The nice thing about semantic HTML is that any metadata and structured data is a part of the document itself instead of hidden away somewhere else through an API. This has its disadvantages (I'd rather interact with an API than scrape a website, even if it's all tidy and semantic) but it absolutely also has advantages. The usual alternative to semantic HTML is not a well-designed API, the alternative tends to be nothing.



>You seem to be very upset about all of this...

Which is neither here nor there regarding the validity or not of what I say, and a little rude to boot.

>The nice thing about semantic HTML is that any metadata and structured data is a part of the document itself instead of hidden away somewhere else through an API. This has its disadvantages (I'd rather interact with an API than scrape a website, even if it's all tidy and semantic) but it absolutely also has advantages. The usual alternative to semantic HTML is not a well-designed API, the alternative tends to be nothing

Which is fine too, since the usual case also is that nobody is consuming the raw html anyway except the browser.

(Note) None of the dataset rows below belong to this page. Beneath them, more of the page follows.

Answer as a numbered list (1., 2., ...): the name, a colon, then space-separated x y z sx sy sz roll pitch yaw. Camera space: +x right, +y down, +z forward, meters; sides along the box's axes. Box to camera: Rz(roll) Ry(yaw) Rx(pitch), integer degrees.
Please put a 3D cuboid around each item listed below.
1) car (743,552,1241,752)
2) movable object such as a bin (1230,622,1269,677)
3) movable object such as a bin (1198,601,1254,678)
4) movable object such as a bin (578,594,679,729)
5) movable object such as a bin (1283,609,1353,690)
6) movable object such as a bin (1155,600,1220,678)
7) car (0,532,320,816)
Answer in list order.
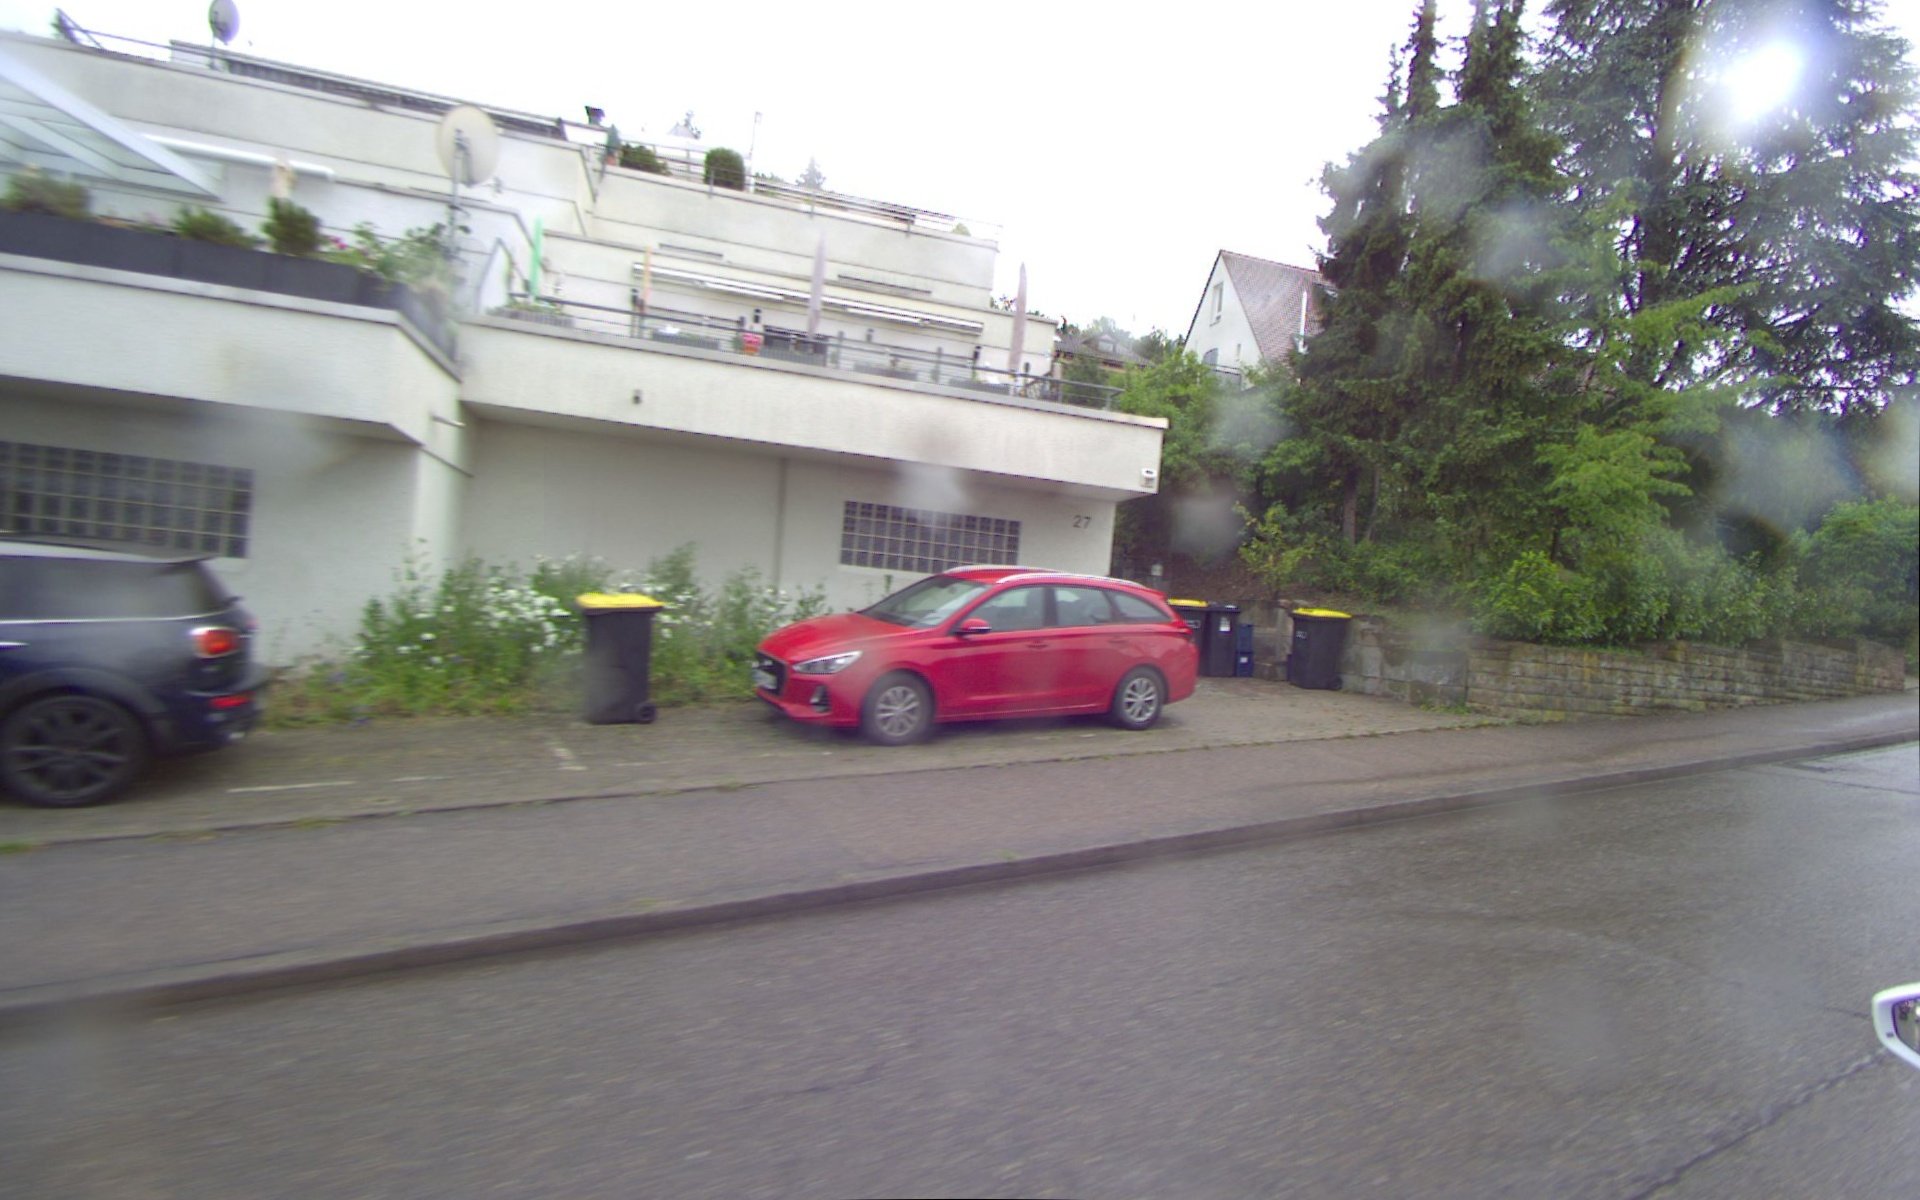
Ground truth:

I write my HTML semantically primarily for myself. It's far easier to read, debug, and develop when the structure makes sense and isn't littered with a dozen nested divs with incredibly complicated class names.


>I write my HTML semantically primarily for myself. It's far easier to read, debug, and develop when the structure makes sense and isn't littered with a dozen nested divs with incredibly complicated class names.

Sure, but nobody called for "a dozen nested divs". You can ease the same number of divs, semantically or not. Just make the styling targets are encompassing as they can be.